Others worried about the message it would send to opt out, even temporarily. Ann Arbor has been called the cannabis capital of the Midwest and is home to the long-running Hash Bash marijuana festival.
“It’s important to know that Ann Arbor has a long history with trying to decriminalize marijuana,” said Council Member Ali Ramlawi, D-5th Ward. “It started 50 years ago, and the message of opting out would have a very negative impact, I think, on the movement.”
“I’m not going to support an opting out. Ann Arbor is a leader in this area,” said Council Member Kathy Griswold, D-2nd Ward, arguing council needs to rise to the occasion and get the job done.
Council is planning to hold a work session Sept. 23 to discuss the regulations in more detail before considering final approval Oct. 7, when there will be public hearings.
Existing marijuana businesses in Ann Arbor have operated responsibly, Ramlawi said, adding they want to be good community partners and they know “all eyes and ears will be watching them.”
While 78% of Ann Arbor voters supported marijuana legalization in 2018, some community members have expressed concerns about marijuana facilities, council members acknowledged.
Hayner said he voted for marijuana legalization in 2018 because he’s a longtime proponent of decriminalization.
“I didn’t vote for Prop 1 to have 600 distribution and consumption facilities open in my community,” he said.
“And I have had people come up to me and say they have legitimate concerns about the placement of these, and legitimate concerns about large money flowing to the cities that do allow this use and it driving out other businesses that serve a broader portion of the community.”
A former preschool and the MD Bagel Fragel shop are empty now because “people are sitting on them with marijuana money” in anticipation of recreational marijuana, Hayner said.
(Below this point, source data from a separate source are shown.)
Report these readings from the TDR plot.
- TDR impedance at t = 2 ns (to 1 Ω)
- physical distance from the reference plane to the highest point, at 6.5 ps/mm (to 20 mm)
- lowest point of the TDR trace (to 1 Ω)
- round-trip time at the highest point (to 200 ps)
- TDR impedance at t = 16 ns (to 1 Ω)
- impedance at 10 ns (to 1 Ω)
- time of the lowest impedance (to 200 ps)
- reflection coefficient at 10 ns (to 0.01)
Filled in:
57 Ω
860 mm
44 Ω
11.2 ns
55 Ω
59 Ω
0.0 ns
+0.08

“There’s going to be money flowing here from all over the place, and so I think it’s reasonable to have limits on all of these,” he said.
“Unless we want to just take the lid off and turn into, you know, marijuana central.”
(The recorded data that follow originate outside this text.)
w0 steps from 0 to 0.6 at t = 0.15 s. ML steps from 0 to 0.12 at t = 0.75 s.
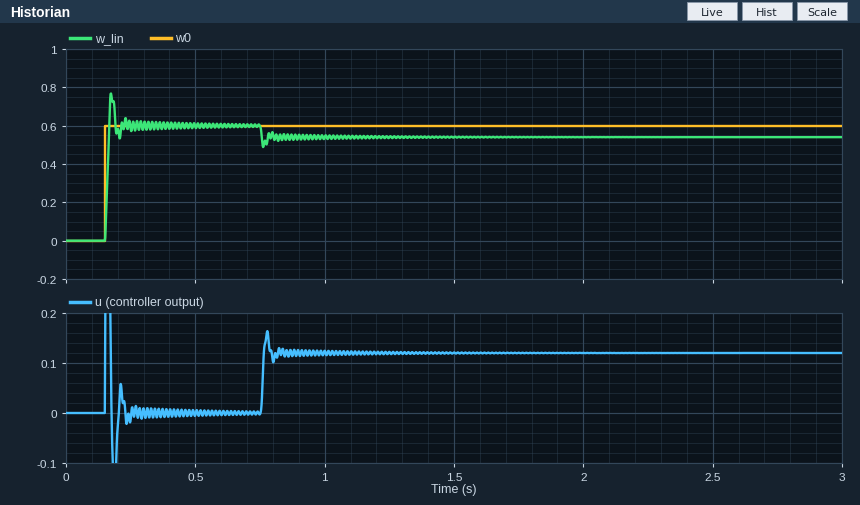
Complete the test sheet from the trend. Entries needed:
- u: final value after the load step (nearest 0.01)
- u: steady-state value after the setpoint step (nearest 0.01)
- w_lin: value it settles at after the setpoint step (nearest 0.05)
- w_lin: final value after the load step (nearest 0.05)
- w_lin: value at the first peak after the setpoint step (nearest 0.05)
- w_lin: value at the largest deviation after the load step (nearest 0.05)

0.12
0.00
0.60
0.55
0.75
0.50

Hayner also questioned why the city’s draft rules don’t allow marijuana consumption establishments in office districts.
They’re more of a transactional, retail-type use, said Brett Lenart, the city’s planning manager.
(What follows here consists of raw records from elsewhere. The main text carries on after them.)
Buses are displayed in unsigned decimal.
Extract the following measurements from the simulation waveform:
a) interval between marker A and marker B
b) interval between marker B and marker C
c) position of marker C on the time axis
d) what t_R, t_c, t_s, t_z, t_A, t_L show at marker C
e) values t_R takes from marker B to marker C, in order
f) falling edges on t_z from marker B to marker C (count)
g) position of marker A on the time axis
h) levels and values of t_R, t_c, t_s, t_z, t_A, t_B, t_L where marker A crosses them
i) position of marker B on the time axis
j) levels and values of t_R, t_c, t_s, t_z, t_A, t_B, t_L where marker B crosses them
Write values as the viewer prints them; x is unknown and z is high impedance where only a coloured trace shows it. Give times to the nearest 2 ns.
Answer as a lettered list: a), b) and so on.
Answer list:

Hayner noted the city recently changed zoning rules to allow restaurants in office areas.
“Maybe somebody’s employer would allow them to do a bong hit at lunch or whatever,” he said.
The proposed zoning rules limit where marijuana businesses can be located and include buffer requirements to avoid clustering.
Under the draft rules, no marijuana dispensary or micro-business could be within 600 feet of another, though there would be no buffer requirements between consumption establishments. Marijuana facilities still must be 1,000 feet from schools.